------ RECORDS FOR THIS EXERCISE

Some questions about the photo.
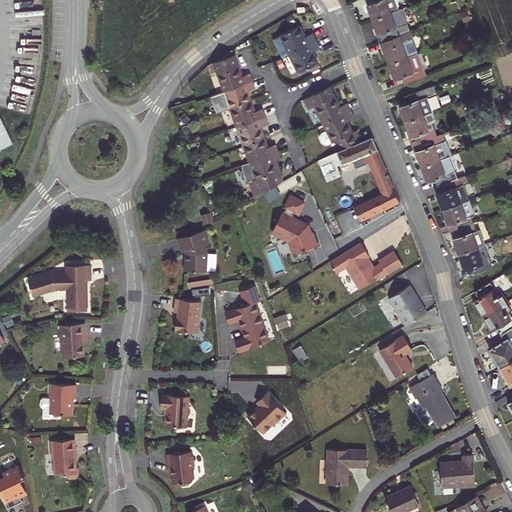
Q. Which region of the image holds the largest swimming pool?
center
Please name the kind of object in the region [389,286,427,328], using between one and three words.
house
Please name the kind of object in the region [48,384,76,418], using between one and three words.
house
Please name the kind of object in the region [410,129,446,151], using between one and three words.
building
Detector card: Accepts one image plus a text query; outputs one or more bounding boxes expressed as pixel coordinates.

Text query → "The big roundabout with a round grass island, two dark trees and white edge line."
[48,102,146,200]
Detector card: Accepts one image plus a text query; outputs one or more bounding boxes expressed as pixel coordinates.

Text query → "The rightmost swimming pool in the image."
[338,194,353,208]
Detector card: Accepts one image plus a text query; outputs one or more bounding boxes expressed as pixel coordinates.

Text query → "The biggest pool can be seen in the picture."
[266,246,286,277]
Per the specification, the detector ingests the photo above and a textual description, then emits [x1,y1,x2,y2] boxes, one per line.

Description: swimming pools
[266,246,286,277]
[338,194,353,208]
[201,340,212,353]
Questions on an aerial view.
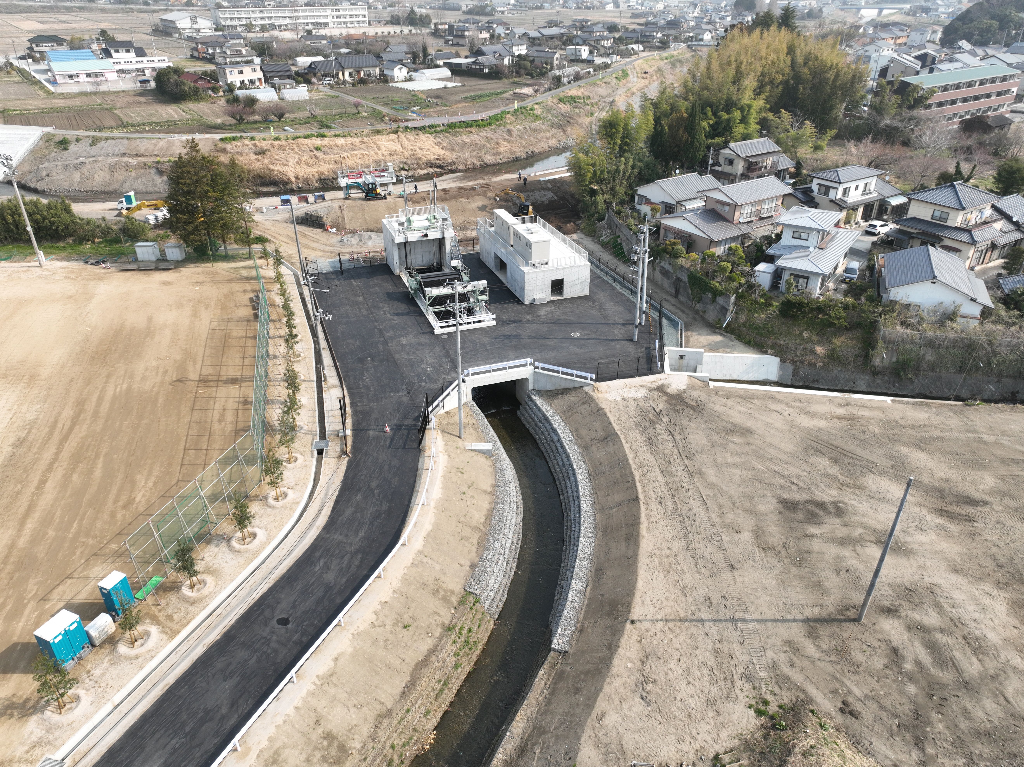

------------

§ **ABOUT THIS TASK**: Without the pictures, repeat exactly the lines running from the line containing "Description: swimming pools" through the end of the data, both ends included.

§ **ANSWER FOR THE TASK**:
Description: swimming pools
[266,246,286,277]
[338,194,353,208]
[201,340,212,353]
Questions on an aerial view.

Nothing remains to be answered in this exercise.